═══ Data for review

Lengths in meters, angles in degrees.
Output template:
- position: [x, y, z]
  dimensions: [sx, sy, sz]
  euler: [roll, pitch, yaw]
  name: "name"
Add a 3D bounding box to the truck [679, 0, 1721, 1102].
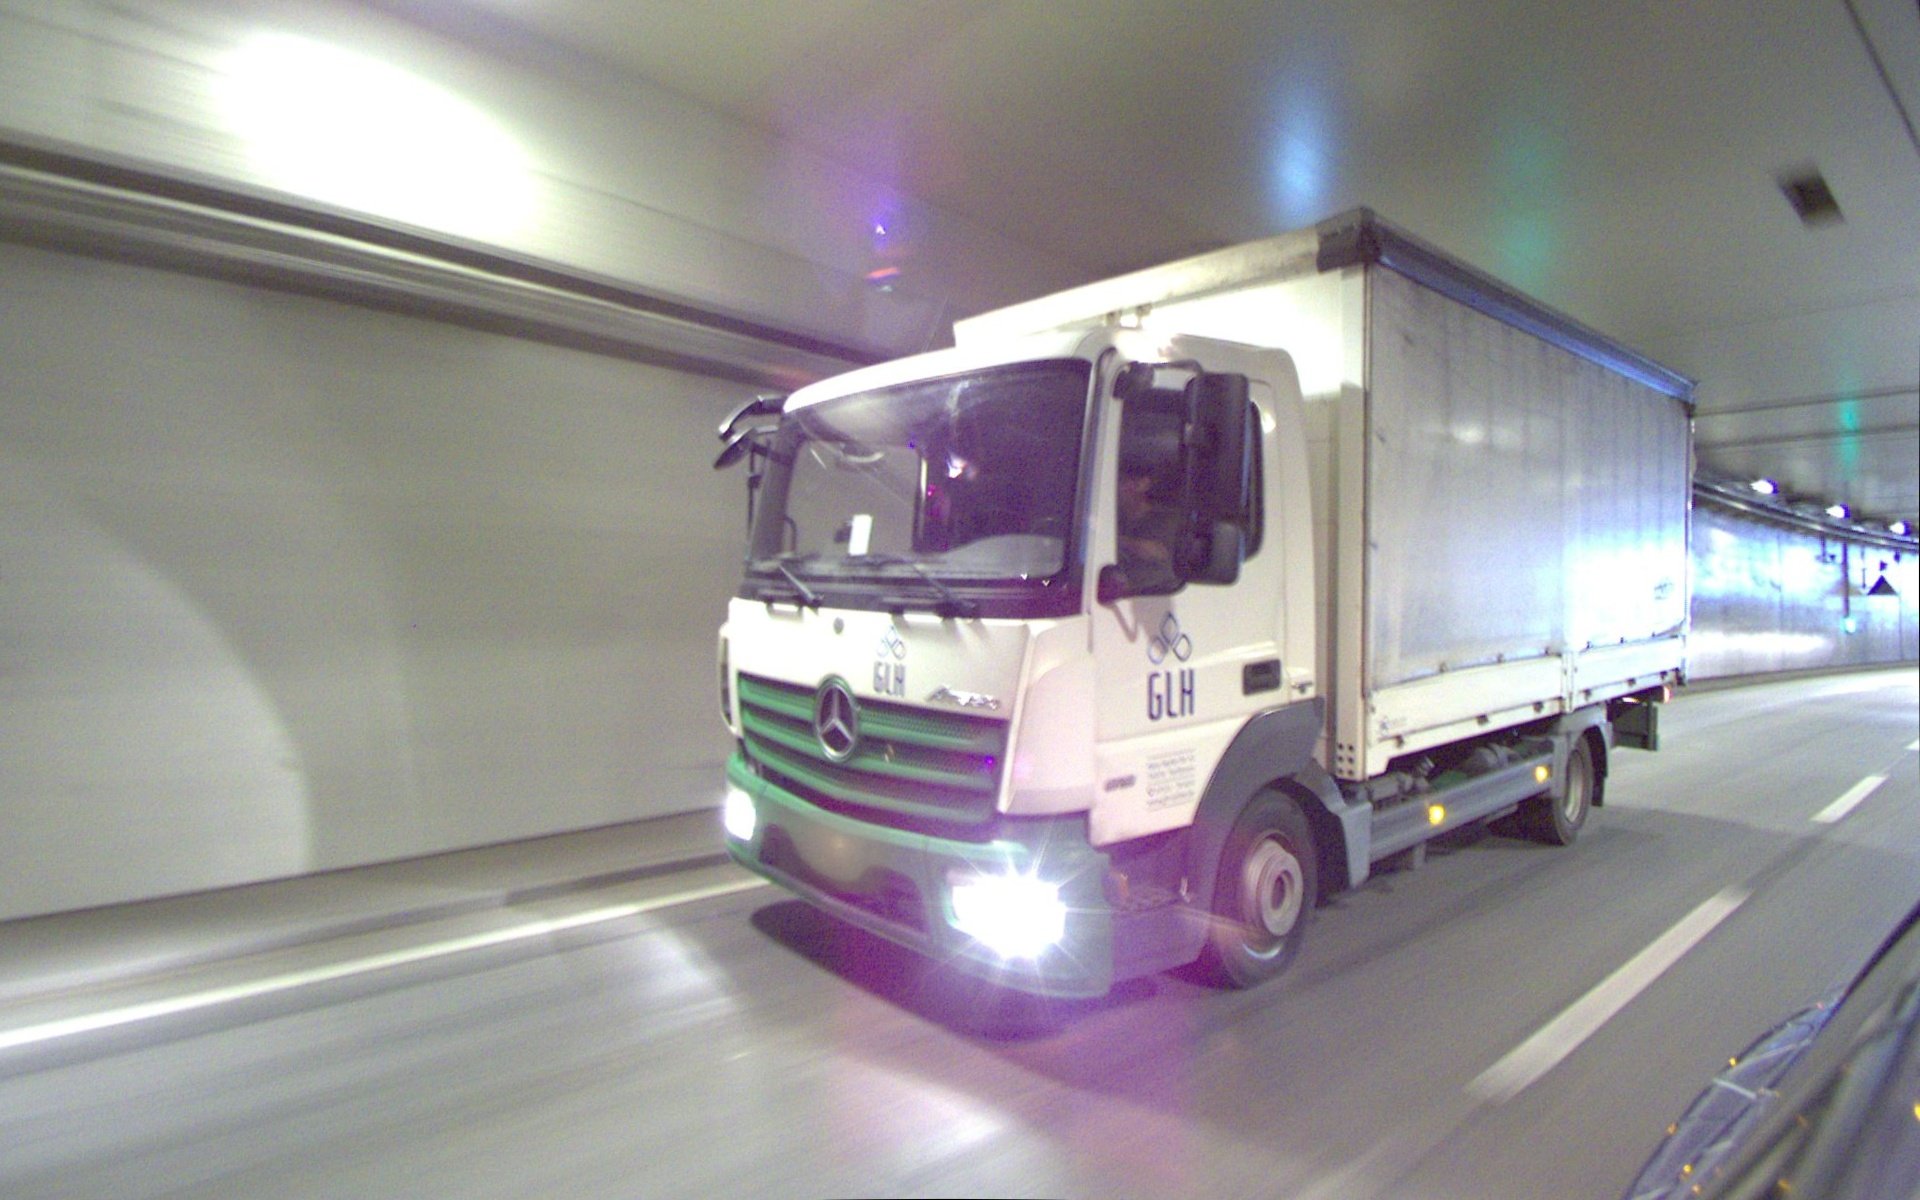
- position: [2.195, -0.143, 6.183]
  dimensions: [7.119, 3.222, 2.557]
  euler: [2, -1, -42]
  name: "truck"
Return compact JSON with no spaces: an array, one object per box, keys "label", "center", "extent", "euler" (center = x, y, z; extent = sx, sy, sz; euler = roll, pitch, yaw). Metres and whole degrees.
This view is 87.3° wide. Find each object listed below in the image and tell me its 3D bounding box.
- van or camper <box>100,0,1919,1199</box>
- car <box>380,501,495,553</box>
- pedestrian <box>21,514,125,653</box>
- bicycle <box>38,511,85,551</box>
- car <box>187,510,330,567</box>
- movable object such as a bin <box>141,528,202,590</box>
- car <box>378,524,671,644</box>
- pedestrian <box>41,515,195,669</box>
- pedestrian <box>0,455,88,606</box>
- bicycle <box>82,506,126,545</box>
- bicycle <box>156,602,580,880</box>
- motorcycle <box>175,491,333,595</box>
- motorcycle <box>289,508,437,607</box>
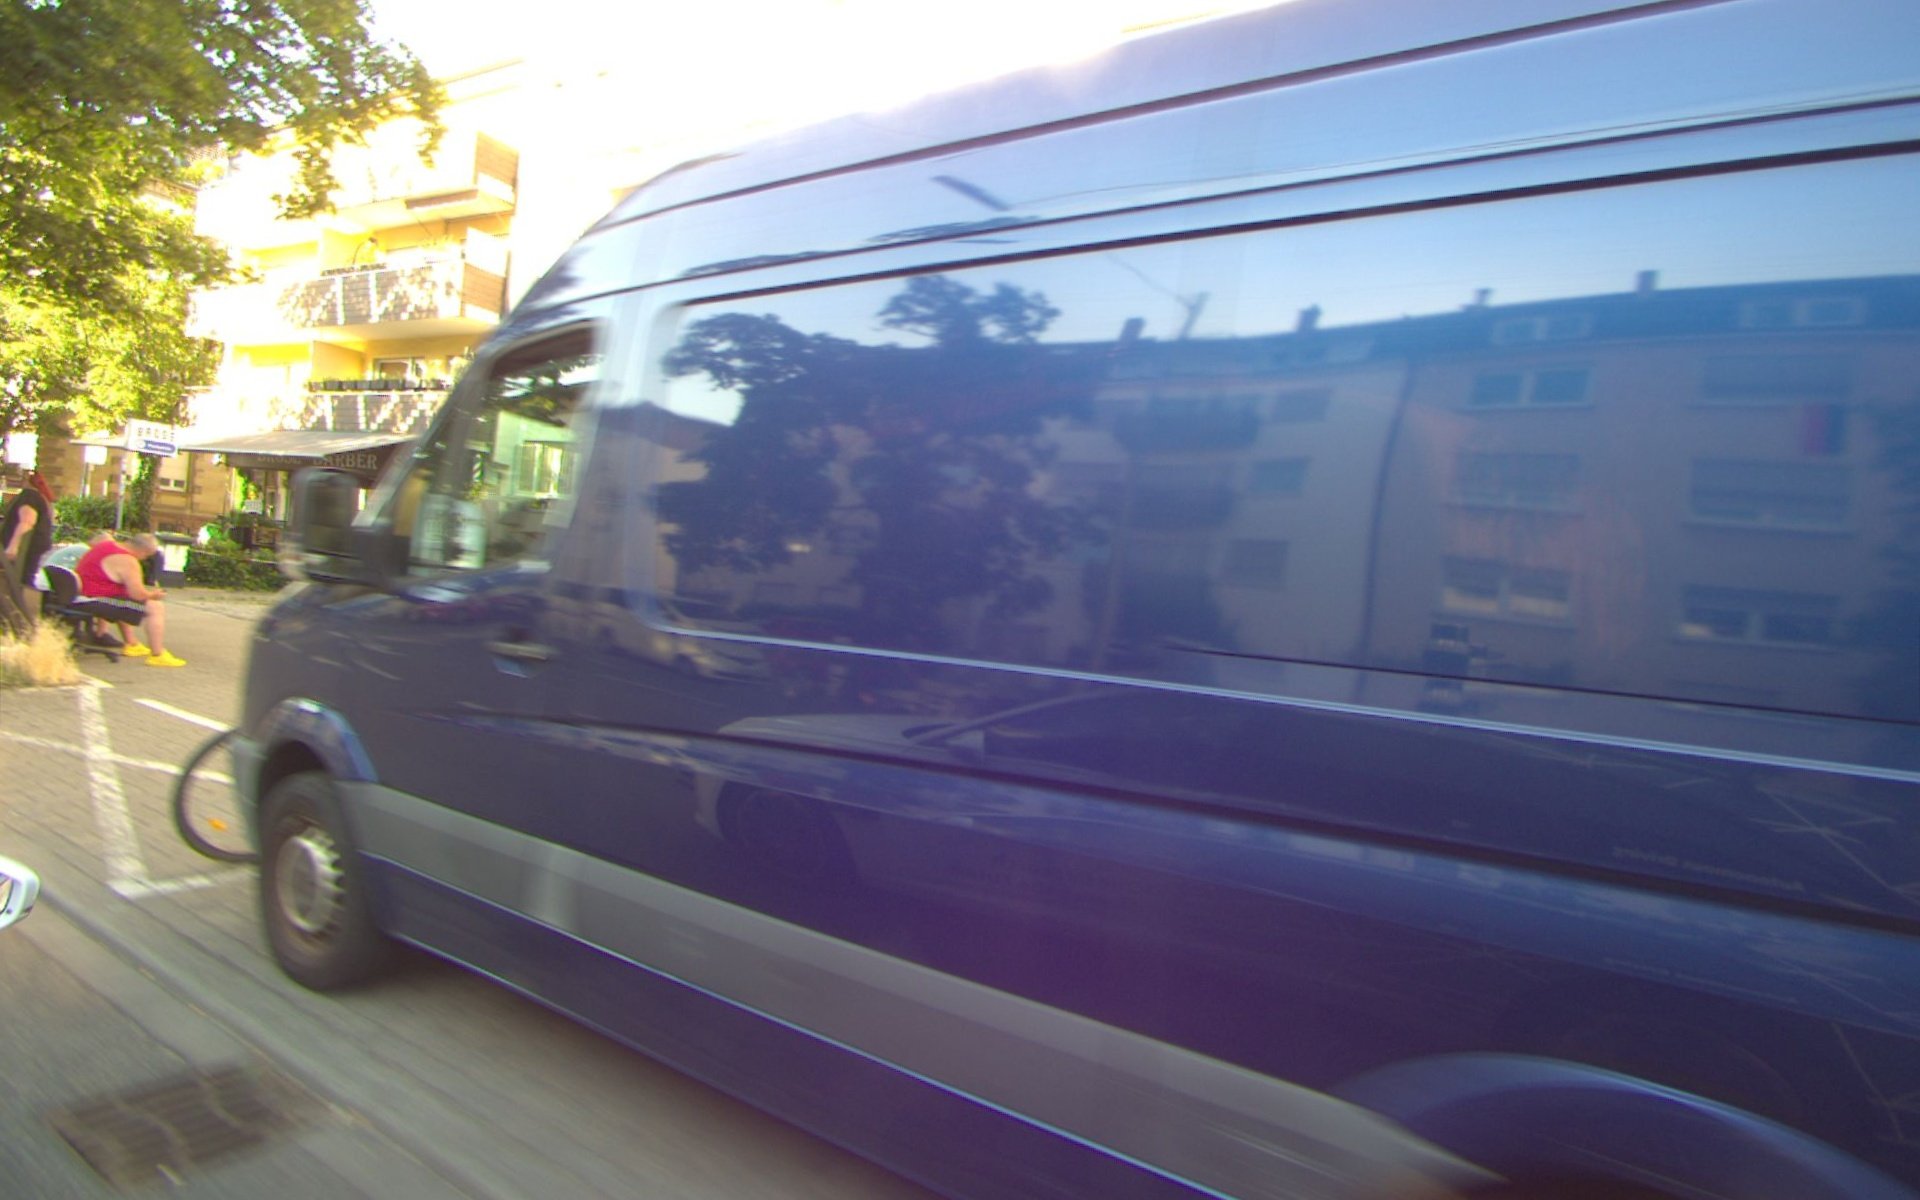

══════

**What is needed**
When you copy the listing, keep every line exactly as it is but leave out all images.

**Output of the task**
Lengths in meters, angles in degrees.
Output template:
- position: [x, y, z]
  dimensions: [sx, sy, sz]
  euler: [roll, pitch, yaw]
  name: "name"
Add a 3D bounding box to the truck [679, 0, 1721, 1102].
- position: [2.195, -0.143, 6.183]
  dimensions: [7.119, 3.222, 2.557]
  euler: [2, -1, -42]
  name: "truck"
Return compact JSON with no spaces: an array, one object per box, keys "label", "center", "extent", "euler" (center = x, y, z; extent = sx, sy, sz; euler = roll, pitch, yaw). Metres and whole degrees.
This view is 87.3° wide. Find each object listed below in the image and tell me its 3D bounding box.
- van or camper <box>100,0,1919,1199</box>
- car <box>380,501,495,553</box>
- pedestrian <box>21,514,125,653</box>
- bicycle <box>38,511,85,551</box>
- car <box>187,510,330,567</box>
- movable object such as a bin <box>141,528,202,590</box>
- car <box>378,524,671,644</box>
- pedestrian <box>41,515,195,669</box>
- pedestrian <box>0,455,88,606</box>
- bicycle <box>82,506,126,545</box>
- bicycle <box>156,602,580,880</box>
- motorcycle <box>175,491,333,595</box>
- motorcycle <box>289,508,437,607</box>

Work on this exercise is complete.